A Spencer se le produjo un vacío en el estómago, y se tambaleó durante unos segundos como un beodo que se encuentra entre la penúltima copa y la última antes de caer al suelo desmayado. El tiempo pasaba muy lentamente, pero sus recuerdos le venían a gran velocidad, y empezaron a nublarle el juicio.

Janik, ¿estás bien? me preocupas, repetía la voz del coche durante el trance.

Habían transcurrido cien años desde que oyó el nombre de Janik por última vez. Le costaba entender lo que ocurría. Solo había una persona que le había llamado Janik en el pasado, y esa persona y lo ocurrido con ella 100 años atrás eran el motivo de su viaje anual a punta alta.

Spencer estaba en shock. Su mente no hacía caso a estímulos externos, y sus emociones le empujaban y le enclaustraban en un yo olvidado, que de forma súbita empezaba a adueñarse de su ser.
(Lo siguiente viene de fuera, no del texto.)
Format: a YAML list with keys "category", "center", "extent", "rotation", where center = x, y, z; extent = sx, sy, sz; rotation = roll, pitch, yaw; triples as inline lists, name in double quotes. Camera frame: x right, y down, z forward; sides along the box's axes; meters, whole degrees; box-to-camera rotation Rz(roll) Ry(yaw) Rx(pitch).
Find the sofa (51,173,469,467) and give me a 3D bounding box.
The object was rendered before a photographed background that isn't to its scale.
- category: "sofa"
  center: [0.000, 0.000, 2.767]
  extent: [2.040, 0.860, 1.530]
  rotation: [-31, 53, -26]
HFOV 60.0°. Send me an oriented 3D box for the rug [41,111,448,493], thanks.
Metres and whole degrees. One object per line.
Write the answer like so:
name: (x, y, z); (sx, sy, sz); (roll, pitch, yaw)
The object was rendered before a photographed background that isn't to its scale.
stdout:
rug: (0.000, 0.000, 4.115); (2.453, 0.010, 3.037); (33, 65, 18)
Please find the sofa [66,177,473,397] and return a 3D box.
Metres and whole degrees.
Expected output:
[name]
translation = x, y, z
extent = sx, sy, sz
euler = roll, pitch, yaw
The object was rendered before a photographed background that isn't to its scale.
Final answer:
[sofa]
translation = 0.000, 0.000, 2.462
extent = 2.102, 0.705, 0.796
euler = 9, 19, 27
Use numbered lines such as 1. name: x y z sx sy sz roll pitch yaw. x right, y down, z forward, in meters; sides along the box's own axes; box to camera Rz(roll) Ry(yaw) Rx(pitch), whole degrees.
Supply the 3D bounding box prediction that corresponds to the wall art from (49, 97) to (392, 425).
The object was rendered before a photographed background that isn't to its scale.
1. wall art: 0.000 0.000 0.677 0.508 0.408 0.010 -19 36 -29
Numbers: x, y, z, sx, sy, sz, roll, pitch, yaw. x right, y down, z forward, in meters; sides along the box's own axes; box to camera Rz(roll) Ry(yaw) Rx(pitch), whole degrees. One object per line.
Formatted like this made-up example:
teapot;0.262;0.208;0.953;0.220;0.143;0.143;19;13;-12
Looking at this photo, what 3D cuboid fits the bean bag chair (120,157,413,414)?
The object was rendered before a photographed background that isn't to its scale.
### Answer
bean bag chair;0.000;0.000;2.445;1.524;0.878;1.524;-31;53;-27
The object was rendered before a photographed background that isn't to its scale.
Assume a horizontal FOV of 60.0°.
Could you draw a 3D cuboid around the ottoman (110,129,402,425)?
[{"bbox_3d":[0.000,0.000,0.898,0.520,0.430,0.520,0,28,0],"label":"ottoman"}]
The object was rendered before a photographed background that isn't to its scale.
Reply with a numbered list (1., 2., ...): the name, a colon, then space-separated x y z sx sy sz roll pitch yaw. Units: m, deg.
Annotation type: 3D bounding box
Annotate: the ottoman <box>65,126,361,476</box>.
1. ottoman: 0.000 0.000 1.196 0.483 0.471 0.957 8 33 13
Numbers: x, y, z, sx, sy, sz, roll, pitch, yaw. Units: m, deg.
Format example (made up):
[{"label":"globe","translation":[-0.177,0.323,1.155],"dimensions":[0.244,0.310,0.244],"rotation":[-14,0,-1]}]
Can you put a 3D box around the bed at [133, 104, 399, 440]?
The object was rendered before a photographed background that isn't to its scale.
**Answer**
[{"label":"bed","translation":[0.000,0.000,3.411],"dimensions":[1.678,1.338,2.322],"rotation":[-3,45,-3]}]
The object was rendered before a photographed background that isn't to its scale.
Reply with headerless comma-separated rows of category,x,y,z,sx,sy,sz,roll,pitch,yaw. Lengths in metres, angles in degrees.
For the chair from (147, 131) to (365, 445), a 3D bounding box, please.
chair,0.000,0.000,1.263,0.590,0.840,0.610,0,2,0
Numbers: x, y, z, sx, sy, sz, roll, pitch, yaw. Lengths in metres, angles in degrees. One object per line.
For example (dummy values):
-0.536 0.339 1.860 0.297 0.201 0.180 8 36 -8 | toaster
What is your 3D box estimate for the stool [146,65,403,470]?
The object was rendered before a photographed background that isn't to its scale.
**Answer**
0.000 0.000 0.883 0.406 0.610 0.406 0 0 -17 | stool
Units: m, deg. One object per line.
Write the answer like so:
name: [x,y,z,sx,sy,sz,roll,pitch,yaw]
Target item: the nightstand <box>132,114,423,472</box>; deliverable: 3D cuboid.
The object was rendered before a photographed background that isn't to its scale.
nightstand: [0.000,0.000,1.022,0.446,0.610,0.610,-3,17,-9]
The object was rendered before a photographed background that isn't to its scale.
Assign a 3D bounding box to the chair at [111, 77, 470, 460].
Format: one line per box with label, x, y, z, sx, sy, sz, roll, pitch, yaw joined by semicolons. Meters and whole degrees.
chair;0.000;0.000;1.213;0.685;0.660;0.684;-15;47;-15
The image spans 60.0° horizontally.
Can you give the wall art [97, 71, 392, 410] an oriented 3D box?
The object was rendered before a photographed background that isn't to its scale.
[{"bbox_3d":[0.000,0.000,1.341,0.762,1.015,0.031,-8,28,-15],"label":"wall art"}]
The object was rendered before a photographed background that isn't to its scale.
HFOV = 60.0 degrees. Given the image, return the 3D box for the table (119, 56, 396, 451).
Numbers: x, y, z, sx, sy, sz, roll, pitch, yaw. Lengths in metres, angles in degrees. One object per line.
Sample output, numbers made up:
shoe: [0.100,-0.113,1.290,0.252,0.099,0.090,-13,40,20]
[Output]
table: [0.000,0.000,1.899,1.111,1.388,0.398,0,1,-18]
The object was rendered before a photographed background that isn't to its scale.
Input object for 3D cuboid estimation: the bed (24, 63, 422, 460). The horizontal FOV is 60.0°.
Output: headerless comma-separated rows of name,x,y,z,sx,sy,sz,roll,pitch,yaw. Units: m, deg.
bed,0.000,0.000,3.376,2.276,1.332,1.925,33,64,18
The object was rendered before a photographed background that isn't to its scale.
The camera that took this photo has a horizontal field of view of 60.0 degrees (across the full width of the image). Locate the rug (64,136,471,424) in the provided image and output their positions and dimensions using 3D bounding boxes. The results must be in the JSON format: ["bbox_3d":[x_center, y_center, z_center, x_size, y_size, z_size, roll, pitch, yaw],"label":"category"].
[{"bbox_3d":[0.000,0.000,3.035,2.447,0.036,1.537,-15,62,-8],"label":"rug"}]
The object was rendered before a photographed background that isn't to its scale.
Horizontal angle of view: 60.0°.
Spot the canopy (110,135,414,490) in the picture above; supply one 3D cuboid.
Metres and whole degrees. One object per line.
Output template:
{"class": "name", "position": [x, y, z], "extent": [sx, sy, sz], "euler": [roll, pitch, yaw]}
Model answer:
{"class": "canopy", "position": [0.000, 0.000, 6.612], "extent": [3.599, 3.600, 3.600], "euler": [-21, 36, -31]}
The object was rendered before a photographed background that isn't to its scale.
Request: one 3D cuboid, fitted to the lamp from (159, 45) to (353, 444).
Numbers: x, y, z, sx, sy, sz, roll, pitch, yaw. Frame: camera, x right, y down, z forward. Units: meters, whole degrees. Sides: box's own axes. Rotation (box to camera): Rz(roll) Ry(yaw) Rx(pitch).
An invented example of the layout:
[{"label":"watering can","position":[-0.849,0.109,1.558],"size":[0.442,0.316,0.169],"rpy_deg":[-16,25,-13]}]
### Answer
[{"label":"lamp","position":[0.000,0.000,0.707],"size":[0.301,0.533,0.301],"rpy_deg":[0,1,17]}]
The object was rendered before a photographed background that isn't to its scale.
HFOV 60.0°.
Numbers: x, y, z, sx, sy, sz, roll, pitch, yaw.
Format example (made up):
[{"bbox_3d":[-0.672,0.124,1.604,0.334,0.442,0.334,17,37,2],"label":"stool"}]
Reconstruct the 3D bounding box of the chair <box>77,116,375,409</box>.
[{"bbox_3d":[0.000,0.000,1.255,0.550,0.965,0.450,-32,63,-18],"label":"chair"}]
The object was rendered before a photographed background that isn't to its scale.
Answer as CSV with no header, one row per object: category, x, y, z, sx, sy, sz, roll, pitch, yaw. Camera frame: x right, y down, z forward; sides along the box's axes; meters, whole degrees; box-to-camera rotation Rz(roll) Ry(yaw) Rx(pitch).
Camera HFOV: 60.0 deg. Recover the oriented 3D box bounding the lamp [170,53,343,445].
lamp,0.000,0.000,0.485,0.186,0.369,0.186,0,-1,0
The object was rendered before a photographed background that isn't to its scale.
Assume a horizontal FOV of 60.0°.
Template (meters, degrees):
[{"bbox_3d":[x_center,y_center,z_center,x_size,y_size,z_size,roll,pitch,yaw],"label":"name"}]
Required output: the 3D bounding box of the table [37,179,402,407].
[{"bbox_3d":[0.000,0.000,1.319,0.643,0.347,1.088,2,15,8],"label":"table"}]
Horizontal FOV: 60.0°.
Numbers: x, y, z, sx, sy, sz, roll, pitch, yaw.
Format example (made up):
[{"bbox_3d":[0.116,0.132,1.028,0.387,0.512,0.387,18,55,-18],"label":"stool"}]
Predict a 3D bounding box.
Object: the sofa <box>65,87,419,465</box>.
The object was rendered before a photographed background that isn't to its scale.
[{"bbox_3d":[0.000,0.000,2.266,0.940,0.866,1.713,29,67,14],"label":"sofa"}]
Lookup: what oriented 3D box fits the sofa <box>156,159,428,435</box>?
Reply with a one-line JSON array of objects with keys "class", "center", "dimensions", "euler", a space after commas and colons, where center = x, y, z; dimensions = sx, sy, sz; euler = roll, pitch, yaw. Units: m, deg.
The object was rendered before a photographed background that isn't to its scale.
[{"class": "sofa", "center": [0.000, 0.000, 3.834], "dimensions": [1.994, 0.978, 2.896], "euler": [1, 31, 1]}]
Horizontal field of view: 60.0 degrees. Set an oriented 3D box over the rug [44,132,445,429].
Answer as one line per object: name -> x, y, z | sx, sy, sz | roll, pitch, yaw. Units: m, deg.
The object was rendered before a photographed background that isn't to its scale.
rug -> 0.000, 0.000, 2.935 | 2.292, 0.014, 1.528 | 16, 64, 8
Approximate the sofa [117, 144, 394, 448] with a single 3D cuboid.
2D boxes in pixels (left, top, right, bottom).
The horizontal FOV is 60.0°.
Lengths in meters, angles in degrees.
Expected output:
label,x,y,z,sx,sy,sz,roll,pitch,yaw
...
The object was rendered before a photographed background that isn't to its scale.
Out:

¿Lex?. Preguntaba Spencer mirando al cofre que tenía delante. ¿Quién está detrás de esta pesada broma?, continuaba preguntando Spencer.

Lex estaba casi muerto la última vez que Spencer lo vio, y con nulas posibilidades de sobrevivir.

La rutina de los últimos 100 años había escondido en sombras muy espesas la verdadera razón que explicaba el viaje anual. Un viaje que con el tiempo lo alejaba de ese momento crucial. En unos segundos le llegaron flases muy intensos a su hemisferio mental visible, a la vez que el visionado de unas imágenes le herían en el presente.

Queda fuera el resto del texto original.